Александр многое взял от отца, в совершенстве владел английским и немецким, но знаний своих нигде не применил. А вот творческий талант рано вошёл в детскую ранимую душу. Писал легко и вдохновенно, тема горьких отношений, как-то особенно его трогала и выходя из-под его пера, оставляла светлую грусть.

Он не был красив, но в цвете его глаз было совершенное сходство с крыжовником и словно под солнцем, проникновенно светился ум, который плотной шторкой закрывал его невзрачность. И если прибавить его пшенично-пышные усы, как две весёлые улыбки, то без сомнения можно было сказать charmant.

Отец не так давно покинул этот мир и Александер уговорил маму переехать в Москву, чтобы и кабинет отца, и вся обстановка роскошной Петербургской квартиры, с мебелью Павловского стиля, с шифоновыми маркизами и псише при входе, не травмировали постоянно уже немолодую мать.

К своим сорока трём годам, перебравшись в Москву и поменяв Павловский стиль на Либерти, он замечательно себя чувствовал в маминой заботе. Мама была совсем не против жить с сыном, но где-то в глубине души думала о его одиноком будущем, о том, что и она недолговечна, хотя два раза в месяц салон красоты посещала.

Говорят, что быть талантливым и богатым неприлично, но Марк Фридман, не обращая, на это внимание, открыл небольшое, поэтическое кафе Ода, в которое приглашали по четвергам начинающих поэтов. Сперва он купил подвал многоэтажного дома, потом пригласил из Черногории молодых парней, в бригаде которых были и слесари, и плотники. Решётчатые чугунные окна не сильно выделялись на уровне панели, фиолетовые стёганные матрасики плотно прикрывали лавки морёного дуба, приставленные к деревянным стенам, рядом удобно примостились столики, покрытые льняными сиреневыми скатертями.
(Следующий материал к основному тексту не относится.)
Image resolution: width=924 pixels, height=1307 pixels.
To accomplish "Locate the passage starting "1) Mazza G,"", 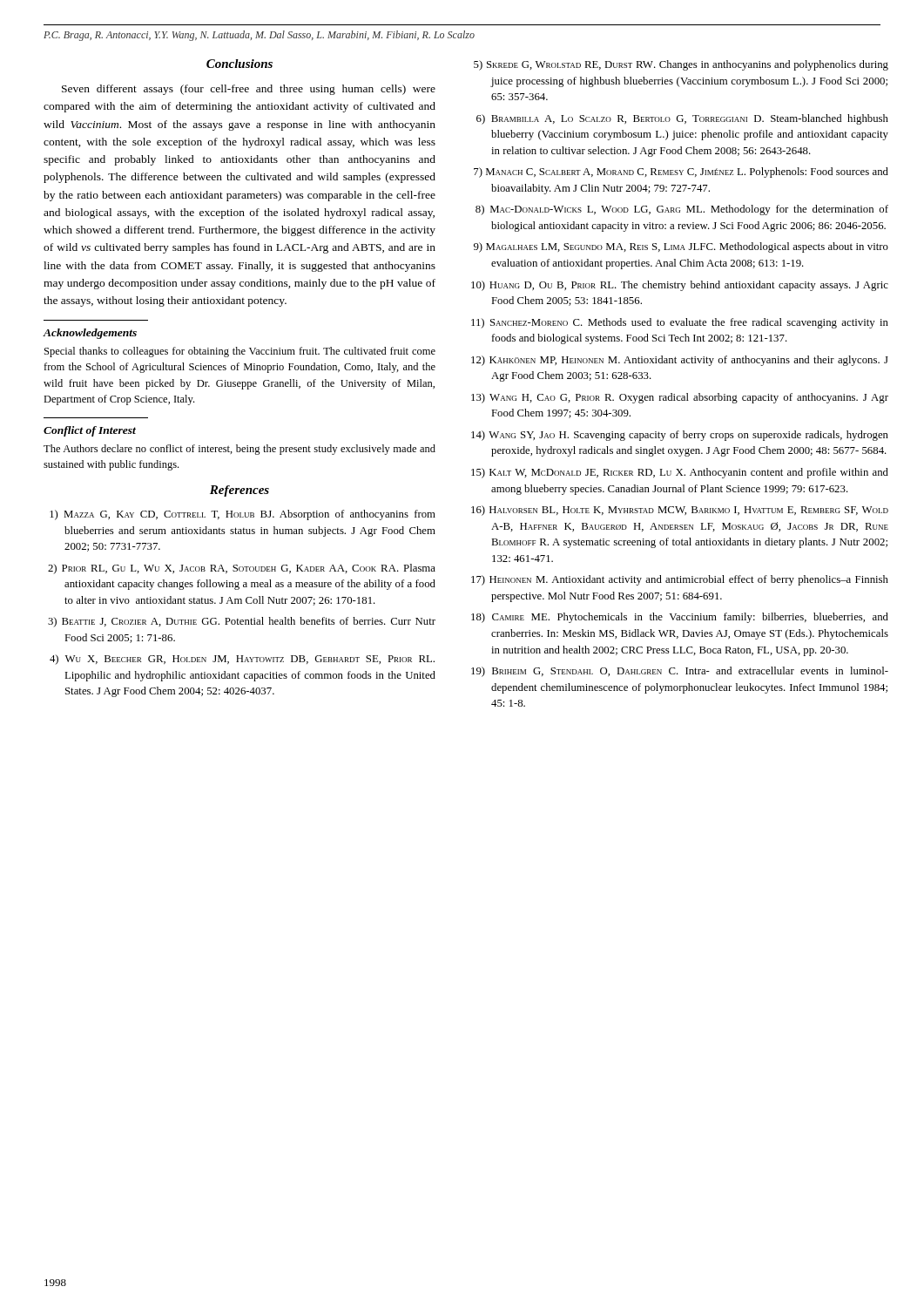I will click(x=240, y=530).
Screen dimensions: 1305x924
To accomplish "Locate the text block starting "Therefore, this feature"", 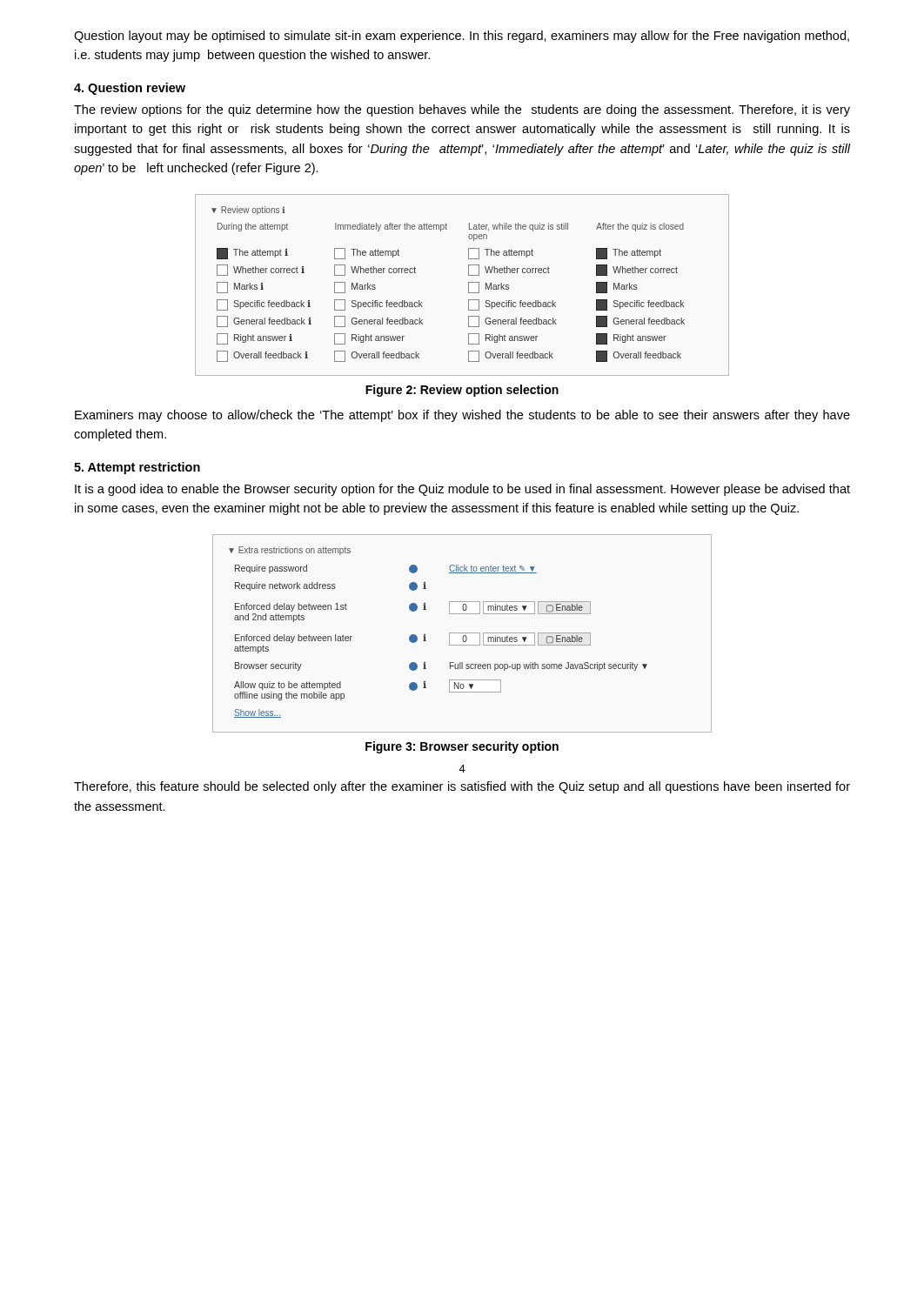I will (462, 797).
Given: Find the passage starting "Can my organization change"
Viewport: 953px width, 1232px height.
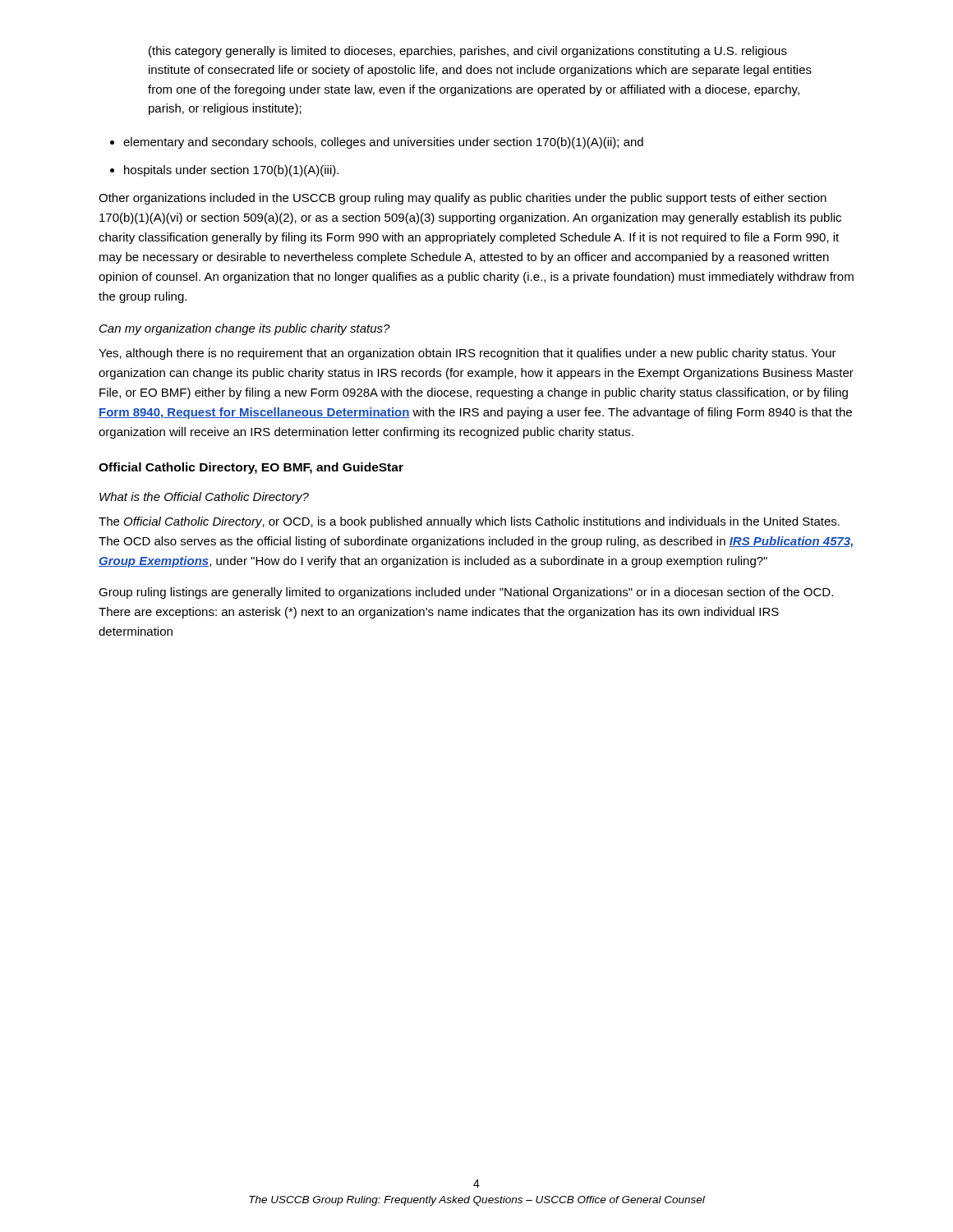Looking at the screenshot, I should point(244,328).

Негусто освещались стены и только в левом углу возле окна, тремя ступеньками выше, был небольшой подмосток, вот он и освещался яркой лампой, спрятанной в свисающем плетённом абажуре. Собственно, ради этого подмостка, ради этой сцены, где молодые поэты могли бы читать свои произведения, Марк и открыл это четверговое кафе.

Стильно и молодёжно, и к тому же каждый четверг из небольшой кухоньки Роза Львовна, мама Марка, собственноручно выносила на подносе гору жареных пирожков с мясом и в углу, против входа, непременно шипел расписной жостовский самовар с горячим чаем и свежей мятой.

Вот в один их майских четвергов, в замечательном расположении духа, только что закончив рассказ под названием “Обожаемая зависимость” Александр решил обкатать его на поэтическом вечере в кафе Ода. И по-весеннему, надев рубашку светло-фисташкового цвета и брюки цвета крем-брюле он, надо отдать ему должное, дружил с цветами, не Нарцисс, но усы душил. Дикая вода №4777 предназначалась для ярких и активных мужчин, стремящихся наполнить свою ауру естественными природными ароматами, не лишенными определенной доли чувственности, - так парфюмерная компания рекламировала свой одеколон.

В восемь, когда он вошёл, в кафе уже было оживленно и Марк сказал:

- Обрати внимание на девушку на подмостке, она первый раз пришла, но я слышал её стихи, по-моему, в них что-то есть.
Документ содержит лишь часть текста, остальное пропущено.